Problem description: Give back the line where "text Burgemeester en wethouders van" appears and all the lines after it until the listing ends, unchanged and with nothing else.
*** Begin section ***
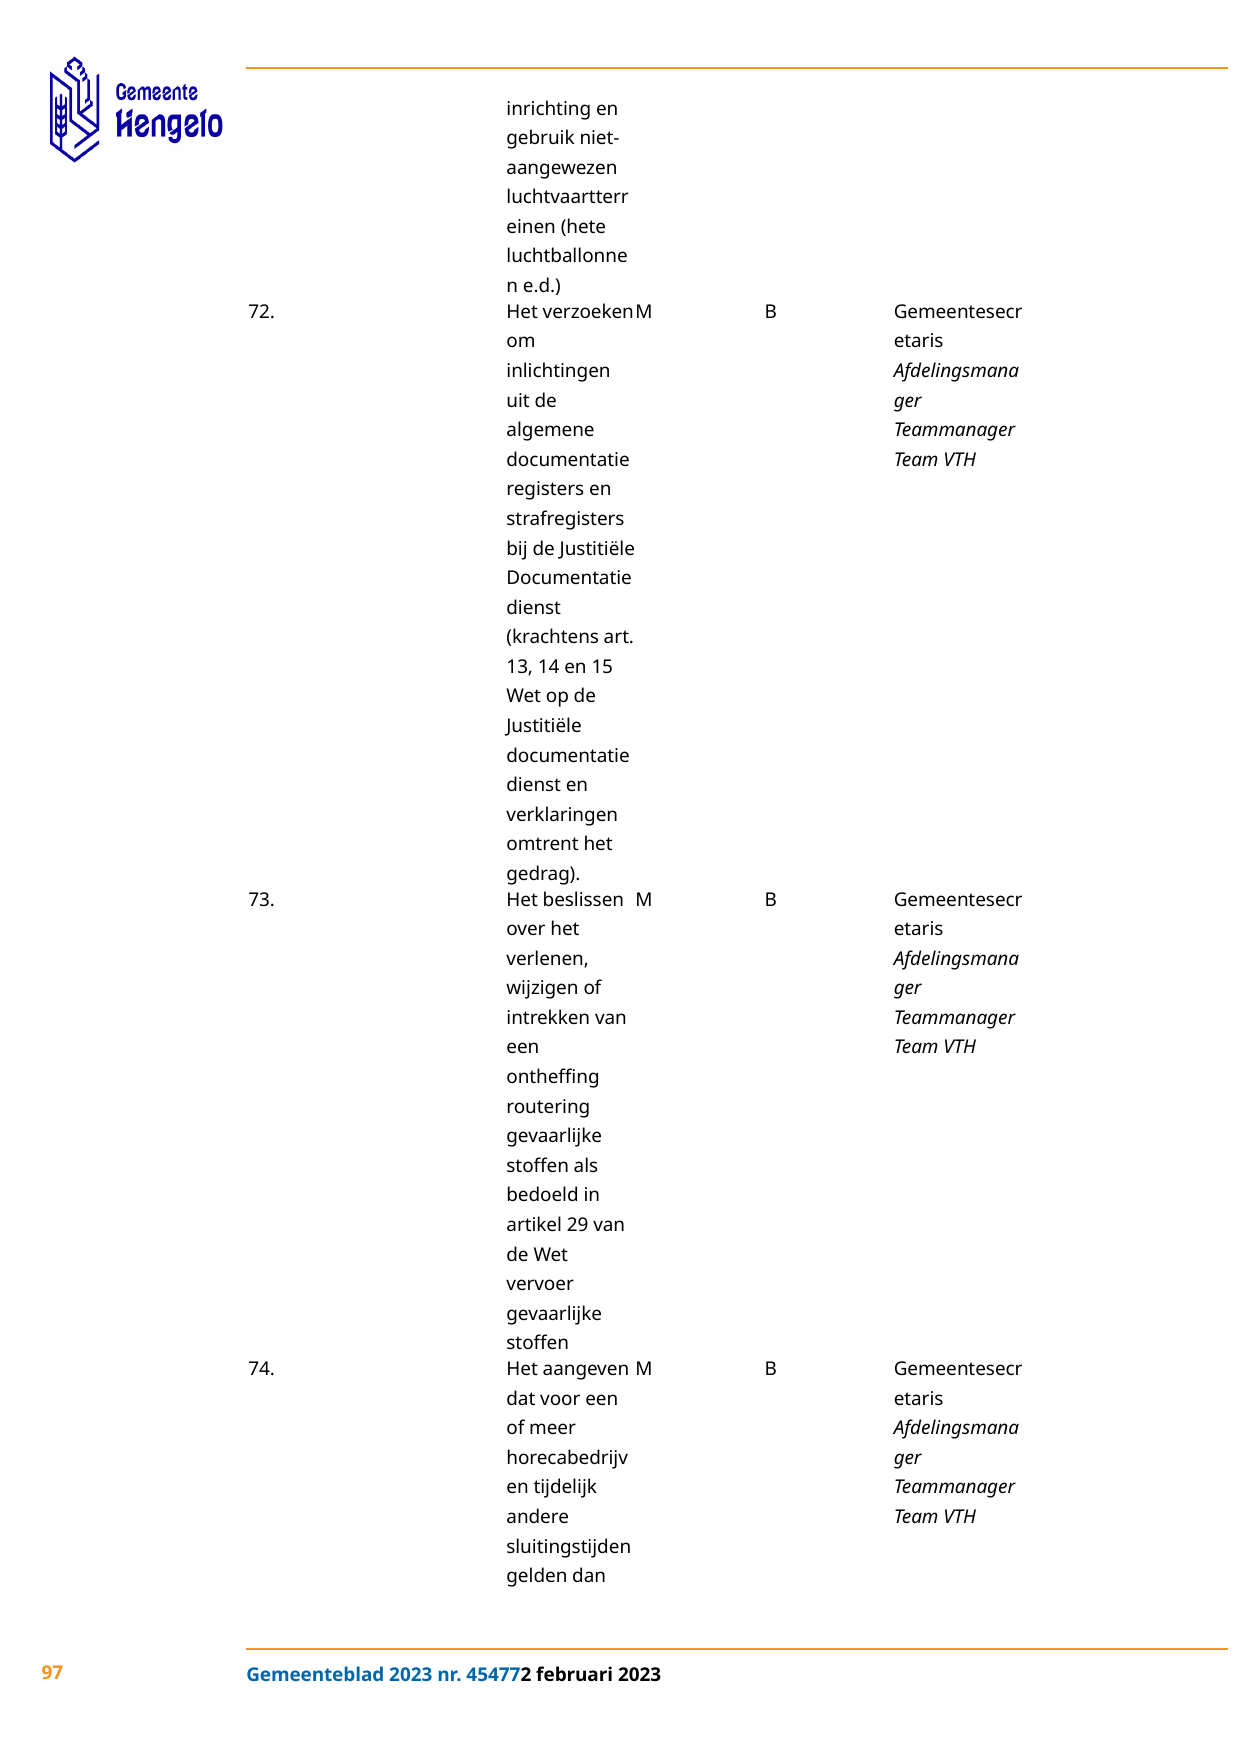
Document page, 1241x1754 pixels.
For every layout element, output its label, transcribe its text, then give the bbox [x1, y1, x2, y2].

table_cell Gemeentesecretaris Afdelingsmanager Teammanager Team VTH [894, 1355, 1022, 1588]
table_cell [1023, 298, 1152, 886]
table_cell Gemeentesecretaris Afdelingsmanager Teammanager Team VTH [894, 298, 1022, 886]
table_cell [894, 95, 1022, 298]
table_cell B [764, 886, 893, 1355]
table_cell M [635, 298, 764, 886]
table_cell 73. [248, 886, 506, 1355]
table_cell inrichting en gebruik niet-aangewezen luchtvaartterreinen (hete luchtballonnen e.d.) [506, 95, 635, 298]
table_cell Gemeentesecretaris Afdelingsmanager Teammanager Team VTH [894, 886, 1022, 1355]
table_cell [635, 95, 764, 298]
table_cell Het verzoeken om inlichtingen uit de algemene documentatieregisters en strafregisters bij de Justitiële Documentatiedienst (krachtens art. 13, 14 en 15 Wet op de Justitiële documentatiedienst en verklaringen omtrent het gedrag). [506, 298, 635, 886]
table_cell Het beslissen over het verlenen, wijzigen of intrekken van een ontheffing routering gevaarlijke stoffen als bedoeld in artikel 29 van de Wet vervoer gevaarlijke stoffen [506, 886, 635, 1355]
table_cell B [764, 1355, 893, 1588]
table_cell [1023, 95, 1152, 298]
table_cell [1023, 886, 1152, 1355]
picture [41, 47, 231, 172]
table_cell Het aangeven dat voor een of meer horecabedrijven tijdelijk andere sluitingstijden gelden dan [506, 1355, 635, 1588]
table_cell [764, 95, 893, 298]
table_cell B [764, 298, 893, 886]
table_cell [248, 95, 506, 298]
table_cell [1023, 1355, 1152, 1588]
table_cell M [635, 886, 764, 1355]
table_cell M [635, 1355, 764, 1588]
table_cell 74. [248, 1355, 506, 1588]
table_cell 72. [248, 298, 506, 886]
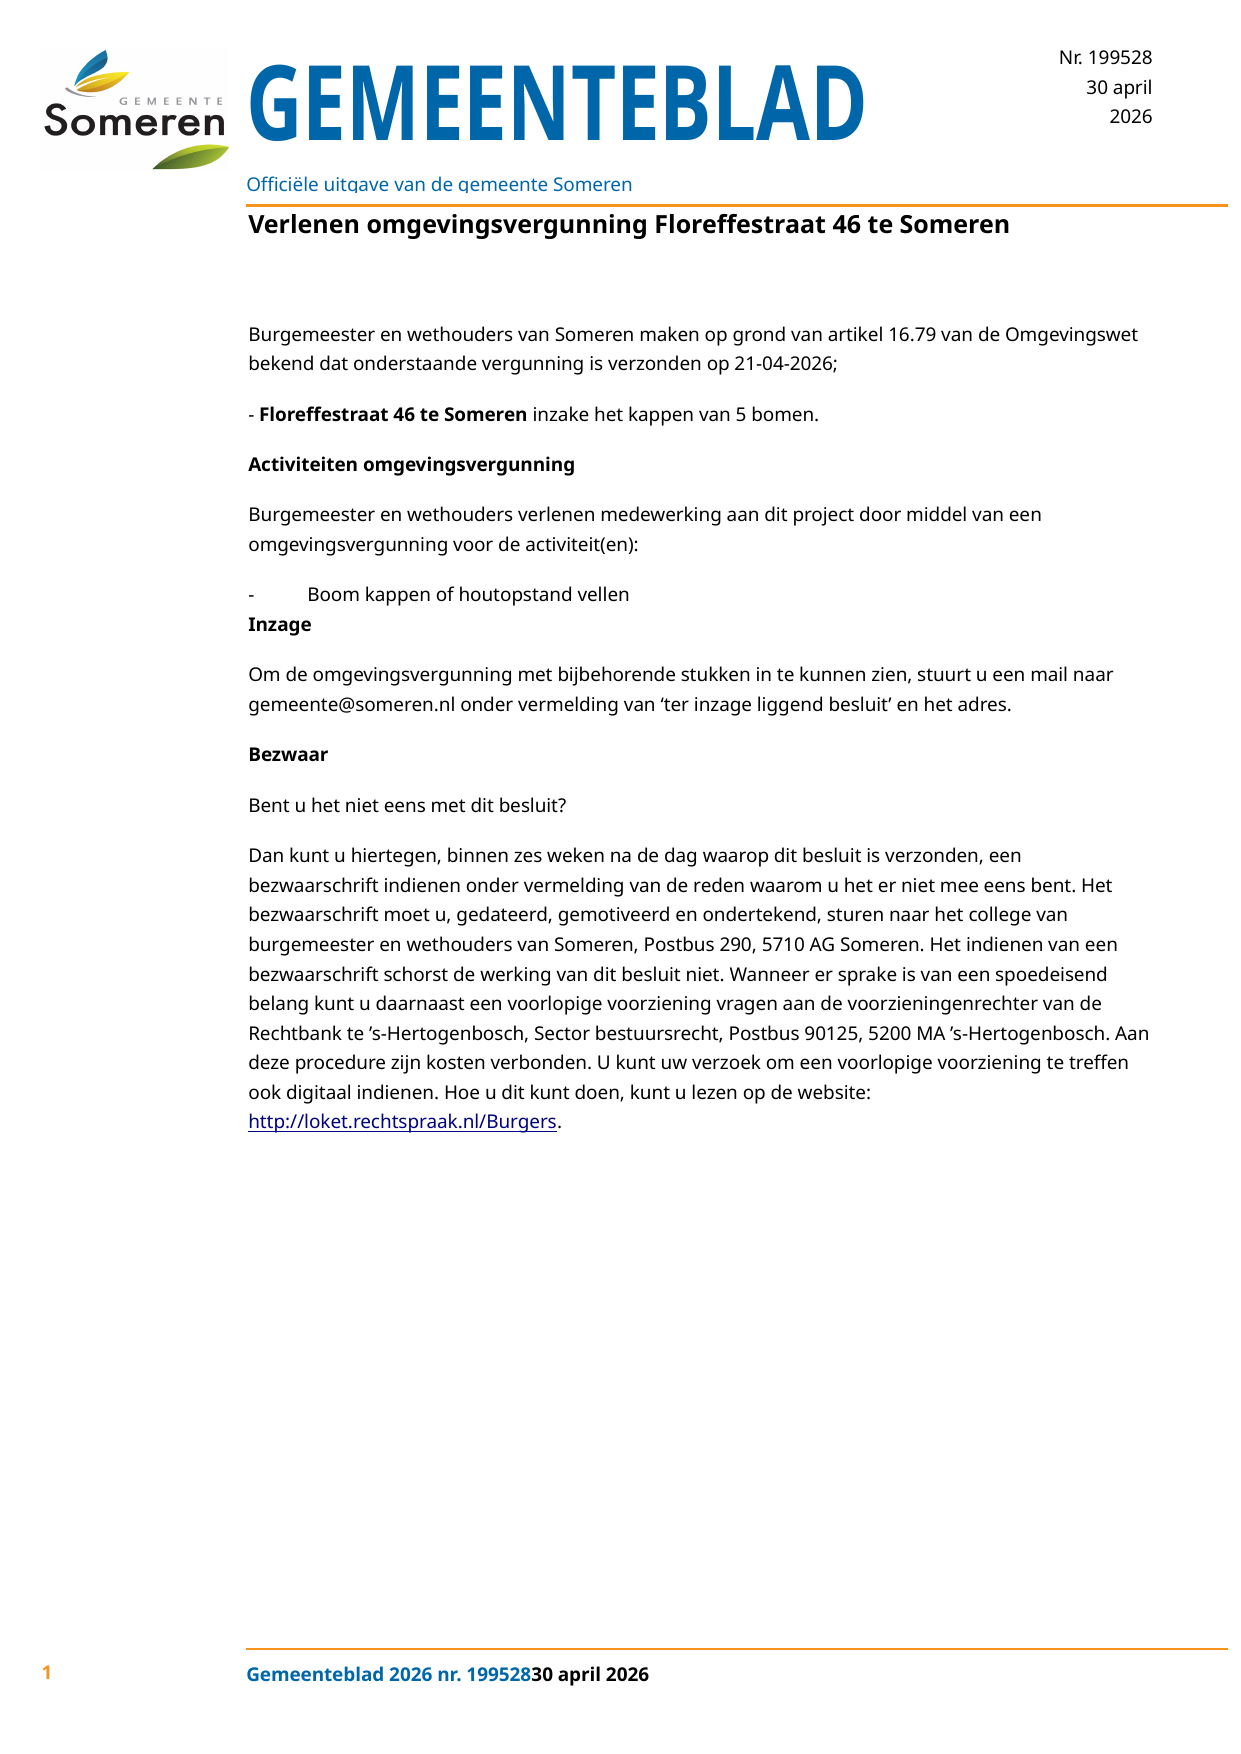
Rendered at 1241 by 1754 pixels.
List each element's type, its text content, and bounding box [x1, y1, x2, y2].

text Verlenen omgevingsvergunning Floreffestraat 46 te Someren [248, 207, 1152, 241]
picture [41, 47, 231, 172]
text Dan kunt u hiertegen, binnen zes weken na de dag waarop dit besluit is verzonden, een bezwaarschrift indienen onder vermelding van de reden waarom u het er niet mee eens bent. Het bezwaarschrift moet u, gedateerd, gemotiveerd en ondertekend, sturen naar het college van burgemeester en wethouders van Someren, Postbus 290, 5710 AG Someren. Het indienen van een bezwaarschrift schorst de werking van dit besluit niet. Wanneer er sprake is van een spoedeisend belang kunt u daarnaast een voorlopige voorziening vragen aan de voorzieningenrechter van de Rechtbank te ’s-Hertogenbosch, Sector bestuursrecht, Postbus 90125, 5200 MA ’s-Hertogenbosch. Aan deze procedure zijn kosten verbonden. U kunt uw verzoek om een voorlopige voorziening te treffen ook digitaal indienen. Hoe u dit kunt doen, kunt u lezen op de website: http://loket.rechtspraak.nl/Burgers. [248, 842, 1152, 1134]
text Burgemeester en wethouders verlenen medewerking aan dit project door middel van een omgevingsvergunning voor de activiteit(en): [248, 502, 1152, 557]
text Om de omgevingsvergunning met bijbehorende stukken in te kunnen zien, stuurt u een mail naar gemeente@someren.nl onder vermelding van ‘ter inzage liggend besluit’ en het adres. [248, 662, 1152, 717]
text Inzage [248, 611, 1152, 637]
text - Floreffestraat 46 te Someren inzake het kappen van 5 bomen. [248, 401, 1152, 426]
text Bent u het niet eens met dit besluit? [248, 792, 1152, 818]
text Bezwaar [248, 742, 1152, 767]
text Burgemeester en wethouders van Someren maken op grond van artikel 16.79 van de Omgevingswet bekend dat onderstaande vergunning is verzonden op 21-04-2026; [248, 321, 1152, 376]
text Activiteiten omgevingsvergunning [248, 451, 1152, 477]
list Boom kappen of houtopstand vellen [248, 582, 1152, 607]
*** End section ***
Your response:
text Burgemeester en wethouders van Someren maken op grond van artikel 16.79 van de Omgevingswet bekend dat onderstaande vergunning is verzonden op 21-04-2026; [248, 321, 1152, 376]
text Activiteiten omgevingsvergunning [248, 451, 1152, 477]
list Boom kappen of houtopstand vellen [248, 582, 1152, 607]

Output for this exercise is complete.